Railway

How HUD Delivers Frontier Model Training Gyms on Railway

For a startup helping foundation models get better at real-world tasks through reinforcement learning, infrastructure flexibility isn't optional—it's existential. HUD builds "gyms" where AI models train on thousands of simulated environments, from using Railway's API to navigating enterprise software, serving everyone from frontier AI labs to academic researchers.

When co-founder Parth Patel launched HUD a year ago, the technical requirements were daunting: handle massive burst traffic during training cycles, support thousands of parallel rollouts, and minimize latency since customers pay $100+ per hour for GPU compute.

"We have burst traffic where I don't need 32 instances active at all times. Most of them are unused, and then when my burst traffic comes, even those 32 might not be enough."

The challenge went beyond scale. HUD needed infrastructure manageable by a three-person founding team while serving enterprise customers demanding SOC 2 compliance. Every millisecond of round-trip time between their API layer and training infrastructure translated directly to customer costs.

"A training run has 1,400 rollouts, and on each you have 15 steps. The round trip latency goes from rollout service to Railway instance, to Kubernetes pod, to Railway instance, to the other server, to the database. Everywhere we can cut latency is hundreds of dollars saved for my customers."

Traditional infrastructure would require dedicated DevOps resources they didn't have. But choosing a limited platform risked hitting scaling walls just as they landed enterprise deals.

The Solution: Railway powers AI training infrastructure from day one

Patel chose Railway based on years of personal experience—including a side project that hit #1 on the App Store with 250,000 users in a single day, all running on Railway.

"I'm a pretty big Railway maximalist. I've evangelized the product quite a lot."

HUD deployed all their backend services on Railway, leveraging the platform's simplicity to move fast without infrastructure overhead. The deployment model matched their workflow perfectly: push code, deploy instantly, scale with clicks.

Railway's straightforward nature meant the entire team could contribute without deep infrastructure knowledge. Anyone could look at logs, modify environment variables, or increase instances—critical for a lean startup.

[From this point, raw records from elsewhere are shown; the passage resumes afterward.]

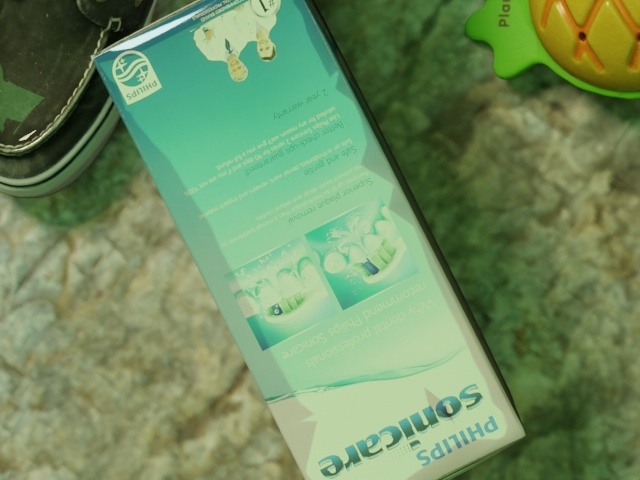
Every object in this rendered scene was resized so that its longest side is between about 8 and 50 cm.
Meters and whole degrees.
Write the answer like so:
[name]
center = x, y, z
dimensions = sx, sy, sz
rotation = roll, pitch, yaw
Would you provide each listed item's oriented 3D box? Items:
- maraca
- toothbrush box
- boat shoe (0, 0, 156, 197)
[maraca]
center = 0.176, -0.151, 1.155
dimensions = 0.185, 0.099, 0.127
rotation = 4, 89, 29
[toothbrush box]
center = 0.000, 0.000, 1.105
dimensions = 0.126, 0.216, 0.296
rotation = -28, 91, 4
[boat shoe]
center = -0.153, -0.189, 1.154
dimensions = 0.121, 0.119, 0.335
rotation = 18, 92, 2
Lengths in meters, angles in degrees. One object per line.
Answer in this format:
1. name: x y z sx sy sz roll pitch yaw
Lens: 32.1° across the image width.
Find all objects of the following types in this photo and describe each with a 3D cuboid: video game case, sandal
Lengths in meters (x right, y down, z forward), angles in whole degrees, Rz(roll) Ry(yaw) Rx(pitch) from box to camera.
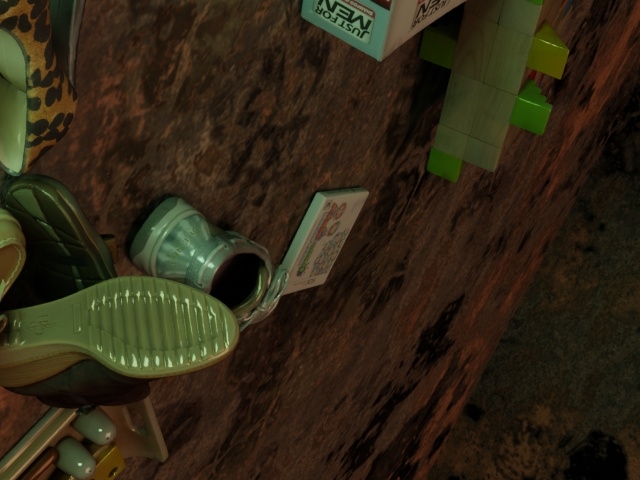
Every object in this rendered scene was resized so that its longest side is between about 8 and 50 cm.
1. video game case: 0.000 0.000 1.539 0.143 0.019 0.157 -11 131 -63
2. sandal: -0.221 0.004 0.999 0.219 0.090 0.060 79 26 -53

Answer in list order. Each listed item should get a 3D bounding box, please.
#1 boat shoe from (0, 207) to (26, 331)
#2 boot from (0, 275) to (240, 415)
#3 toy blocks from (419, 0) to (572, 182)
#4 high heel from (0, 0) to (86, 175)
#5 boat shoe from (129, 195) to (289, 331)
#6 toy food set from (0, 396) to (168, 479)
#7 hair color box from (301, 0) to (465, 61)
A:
1. boat shoe: -0.319 0.103 0.883 0.285 0.089 0.104 -55 159 -7
2. boot: -0.182 0.106 1.031 0.207 0.248 0.090 72 18 -68
3. toy blocks: 0.273 -0.290 1.550 0.261 0.191 0.381 -54 162 -39
4. high heel: -0.238 -0.110 0.739 0.261 0.093 0.186 -32 143 -65
5. boat shoe: -0.105 0.045 1.252 0.118 0.103 0.320 -54 159 -7
6. toy food set: -0.292 0.307 1.234 0.306 0.092 0.219 -46 157 -24
7. hair color box: 0.098 -0.382 1.074 0.185 0.113 0.374 -39 153 -38
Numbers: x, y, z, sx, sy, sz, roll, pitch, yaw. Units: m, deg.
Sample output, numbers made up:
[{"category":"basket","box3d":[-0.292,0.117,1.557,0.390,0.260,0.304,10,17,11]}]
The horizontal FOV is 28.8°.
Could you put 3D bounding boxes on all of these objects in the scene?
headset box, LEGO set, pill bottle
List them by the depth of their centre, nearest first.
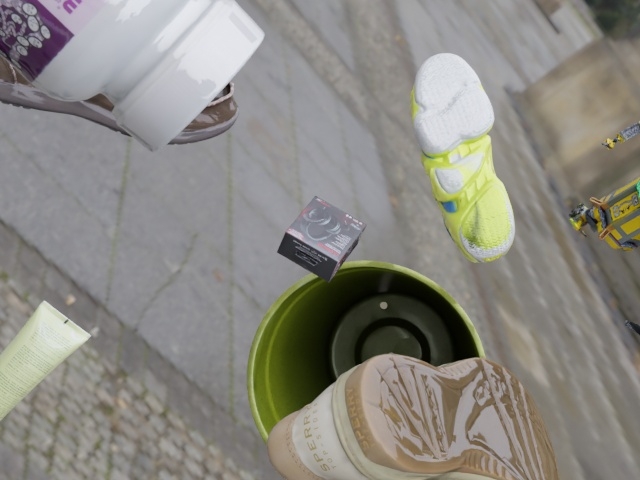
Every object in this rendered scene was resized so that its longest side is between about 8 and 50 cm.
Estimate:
[{"category":"pill bottle","box3d":[-0.190,-0.209,0.895,0.301,0.169,0.169,42,19,-13]},{"category":"headset box","box3d":[0.000,0.000,1.244,0.062,0.032,0.083,30,38,8]},{"category":"LEGO set","box3d":[0.394,-0.012,1.407,0.255,0.192,0.331,41,49,-11]}]

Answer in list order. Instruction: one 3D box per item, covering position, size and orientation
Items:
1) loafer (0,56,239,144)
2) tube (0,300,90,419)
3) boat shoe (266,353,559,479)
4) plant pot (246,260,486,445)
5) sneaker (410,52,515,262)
[{"category":"loafer","box3d":[-0.261,-0.215,1.538,0.366,0.130,0.134,8,28,-27]},{"category":"tube","box3d":[-0.445,0.198,1.794,0.062,0.240,0.070,45,3,18]},{"category":"boat shoe","box3d":[0.088,0.164,1.020,0.341,0.110,0.121,23,47,-51]},{"category":"plant pot","box3d":[0.098,0.210,2.040,0.366,0.366,0.353,55,9,5]},{"category":"sneaker","box3d":[0.152,-0.085,1.408,0.126,0.091,0.240,98,-18,-79]}]

"Railway is a pretty straightforward product. Anyone on the team can realistically use Railway—look at logs, modify environment variables, increase the number of instances."

When Patel's App Store app exploded with quarter-million users in one day, Railway handled it effortlessly—proving the platform could handle HUD's burst traffic needs.

"I just spun up eight parallel instances, maxed out the VCPUs and RAM, and that was it. It handled it like a breeze."

The platform's replica scaling provided immediate relief during training runs, even if not perfectly optimized for extreme burst patterns. While Patel considers specialized solutions for certain workloads, Railway remains the foundation.

I'd much rather focus on delivering customer outcomes than managing Helm charts and dealing with infra nonsense."

The Results: From 3 founders to frontier labs in 12 months

Railway enabled HUD to scale from three founders to serving major AI labs and enterprises in just one year, achieving remarkable growth while maintaining a lean infrastructure footprint.

  • Zero to enterprise-ready in 12 months, starting with just three co-founders and scaling to serve frontier AI labs, academic researchers, and enterprise customers with SOC 2 compliance.
  • 20 million requests handled daily at peak during training cycles, with 10 million on average days, all managed by just three people who touch the infrastructure.
  • 100% focus on product development instead of infrastructure, with the founding team free to build training infrastructure for next-generation AI models.
  • Enterprise deals closed with SOC 2 compliance achieved while running entirely on Railway's platform.

The simplicity freed the founding team to focus on what matters: building the training infrastructure for artificial intelligence.

"I'm a pretty smooth brain guy when it comes to infra. Offloading that responsibility, especially when we started scaling—we're not spending time rolling out infrastructure and managing it. It's just not the highest EV thing for us to do."

Looking forward, HUD continues to expand their customer base across enterprises, labs, and academic institutions, all while maintaining their lean infrastructure approach on Railway.

"We work with enterprises, labs, academic researchers, and startups. Our throughput is much higher, our overall stack is much more mature."

For a company building training infrastructure for next-generation AI models, Railway provided the perfect balance: simple enough for three founders to manage, powerful enough to serve the world's most advanced AI labs building the future of artificial intelligence.